1975, OS TRÊS DE FLORIANOPÓLIS!

 

          

                         NÁUTICO X FIGUEIRENSE, 1975        

 

Em setembro de 1975, três amigos pegaram o seu Passat, e rodaram os 3500 Km que separam Recife e Florianópolis para assistir o glorioso alvirrubro de Rosa e Silva enfrentando o Figueirense pela primeira vez.

Antonio Almeida Silva, português e torcedor do Belenenses, viajou acompanhado do seu irmão, Waldemar de Almeida, também português só que torcedor do Benfica. Junto deles ia o colega Salatiel Antonio. Os bravos irmãos portugueses não torciam por nenhum time brasileiro, porém ao serem apresentados ao Náutico, renderam-se à nova paixão.

Em uma tarde fria, o Timbu entrou em campo com o seu uniforme branco de

mangas compridas. Beliato não pôde atuar, cedendo seu lugar a Djalma Sales.

A equipe formou com Neneca: Miguel,Djalma Sales,Sidclei e França; Pedro Omar

e Vasconcelos; Baiano(Luís Fernando), Betinho, Jorge Mendonça e Lima(Dedeu).

O Figueirense usando mangas curtas e uniforme com listras brancas e pretas escalou: Nilson; Pinga, Nelson, Almeida e Casagrande; Sergio Lopes e Dito Cola(Luiz Everton); Marcos(Lico), Toninho, Volmir e Moacir. A arbitragem foi de José de Assis Aragão.

Logo aos 6’ Toninho invade a área e finaliza sem ângulo para defesa de Neneca. Aos 18’ numa cobrança magistral de falta de Lima, Pedro Omar sobe e cabeceia para um milagre de Nilson. Então o jogo fica restrito ao meio-campo com o gramado pesado marcando os dois times.

No retorno para o segundo tempo um lance acirra os ânimos. Aos 2’ Toninho finta Lima e cara a cara com Neneca chuta por cima do arco. Volmir, um ex-jogador do Internacional de Porto Alegre, famoso por sua catimba agride Vasconcelos na área. Neneca agindo sem pensar mete uma bolacha em Toninho mandando-o a nocaute. Basta comparar a envergadura de Neneca e Toninho pra imaginar o estrago. O pau come solto, porém apenas o goleiro do Náutico é expulso. Orlando Fantoni sacrifica Baiano e põe Luís Fernando na meta. No primeiro lance aos 8’ Lino cobra um escanteio, Toninho ainda grogue antecipa-se a Miguel e cabeceia para o barbante. Figueirense 1x0.
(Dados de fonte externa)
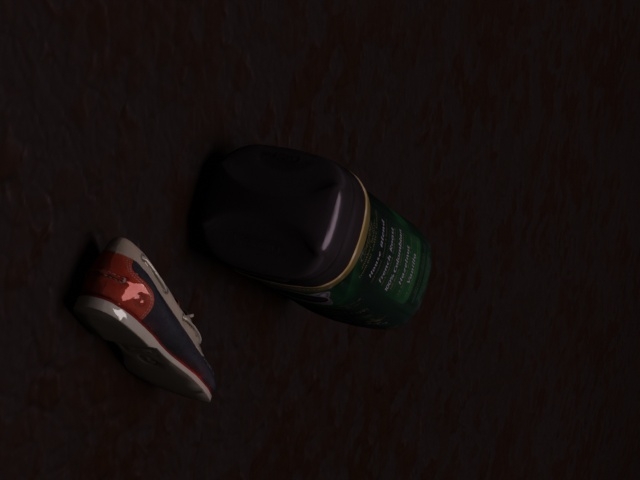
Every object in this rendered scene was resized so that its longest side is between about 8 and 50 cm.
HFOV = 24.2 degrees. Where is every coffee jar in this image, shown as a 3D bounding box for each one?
[{"bbox_3d":[0.000,0.000,0.926,0.184,0.096,0.079,33,71,-67],"label":"coffee jar"}]

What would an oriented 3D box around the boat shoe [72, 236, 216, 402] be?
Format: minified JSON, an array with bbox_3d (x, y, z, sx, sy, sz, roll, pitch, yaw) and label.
[{"bbox_3d":[-0.088,0.047,0.807,0.137,0.049,0.043,55,48,-54],"label":"boat shoe"}]
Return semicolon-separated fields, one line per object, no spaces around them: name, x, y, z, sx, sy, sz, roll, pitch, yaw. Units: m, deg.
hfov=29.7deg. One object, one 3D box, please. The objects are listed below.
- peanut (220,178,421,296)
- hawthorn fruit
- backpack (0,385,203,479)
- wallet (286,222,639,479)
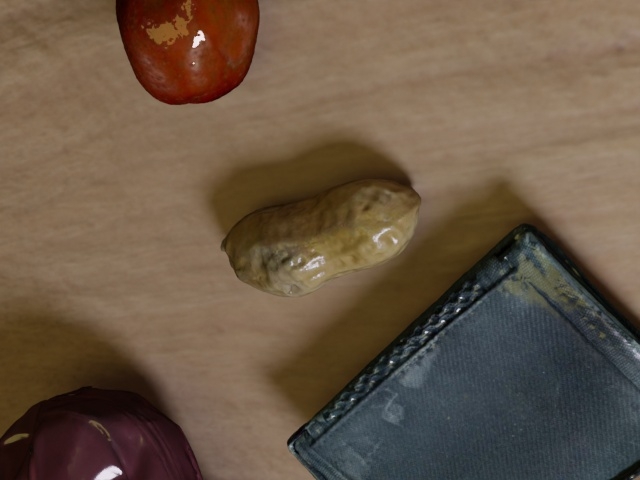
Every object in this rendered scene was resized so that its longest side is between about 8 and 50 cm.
peanut;0.000;0.000;1.133;0.214;0.099;0.100;-18;99;25
hawthorn fruit;-0.118;-0.189;1.098;0.132;0.133;0.138;-1;119;27
backpack;-0.219;0.310;1.287;0.283;0.197;0.317;-22;90;32
wallet;0.158;0.167;1.117;0.237;0.075;0.342;44;119;0
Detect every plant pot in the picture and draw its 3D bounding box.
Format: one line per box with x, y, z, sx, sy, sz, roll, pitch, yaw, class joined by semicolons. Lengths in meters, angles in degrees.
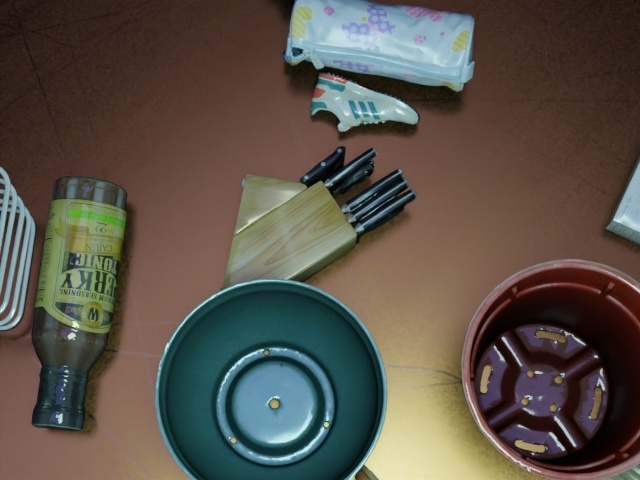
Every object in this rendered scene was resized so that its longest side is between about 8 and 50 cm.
-0.061;0.210;1.820;0.293;0.196;0.293;0;78;0;plant pot
0.308;0.182;1.791;0.272;0.265;0.272;0;78;1;plant pot

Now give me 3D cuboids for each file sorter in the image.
-0.488;0.009;1.828;0.173;0.278;0.193;7;78;-3;file sorter

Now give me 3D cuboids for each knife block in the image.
0.000;0.000;1.921;0.242;0.088;0.276;11;77;3;knife block

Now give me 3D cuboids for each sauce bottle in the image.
-0.337;0.088;1.894;0.111;0.111;0.344;5;79;1;sauce bottle

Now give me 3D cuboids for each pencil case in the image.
0.085;-0.286;1.964;0.273;0.124;0.113;8;116;0;pencil case

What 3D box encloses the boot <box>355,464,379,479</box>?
0.048;0.415;1.841;0.152;0.073;0.197;-25;76;-1;boot

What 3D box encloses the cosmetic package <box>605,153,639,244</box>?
0.501;-0.106;1.957;0.099;0.060;0.239;27;79;4;cosmetic package

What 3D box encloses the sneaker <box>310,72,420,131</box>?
0.061;-0.185;1.986;0.161;0.057;0.075;22;95;3;sneaker

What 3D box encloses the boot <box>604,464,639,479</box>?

Pra quem imaginava o Náutico morto, puro engano. O alvirrubro se multiplica em campo e encurrala o Figueirense. Com 17’ Pedro Omar domina na entrada da área e fuzila na trave. Aos 26’ é a vez de Jorge Mendonça entrar driblando na defesa do Furacão e novamente acertar a trave. Então Fantoni olha pro banco, beija a medalhinha e grita pra Dedeu entrar no lugar de Lima. São decorridos 37’ do segundo tempo quando Vasconcelos domina a pelota no meio de campo, está cercado por uma multidão de jogadores de preto e branco, mas num átimo de segundo ele toca a bola com maestria no nada. Atônitos os zagueiros do Figueirense vêem surgir do nada aquele ponteiro rápido saído do banco de reservas. No momento seguinte estão driblados e apenas observam Dedeu entra cara a cara com Nilson e quando todos esperam uma bomba ele coloca devagarinho no cantinho da cidadela inimiga.

O estádio em silencio assiste um time coberto de grama e de lama comemorando como crianças em campo.

E nas arquibancadas três amigos pulam e se abraçam como se fossem os 300 de Esparta e houvessem vencido uma batalha: A batalha de Florianópolis.

Pois se Esparta precisava de 300 guerreiros contra os persas, para o Náutico bastam 10 homens em campo e 3 apaixonados nas arquibancadas!

 

PS: Se alguém tiver notícias dos 3 amigos, favor entrar em contato com o Blog!


NÁUTICO X FIGUEIRENSE, 1975: COMIGO OU SEM MIGO

 

                    

                                      DEDEU, O PRIMEIRO GOL

 

Alguns ainda se recordam dos play-offs disputados por Náutico e Figueirense nas quartas de final da série B em 2001.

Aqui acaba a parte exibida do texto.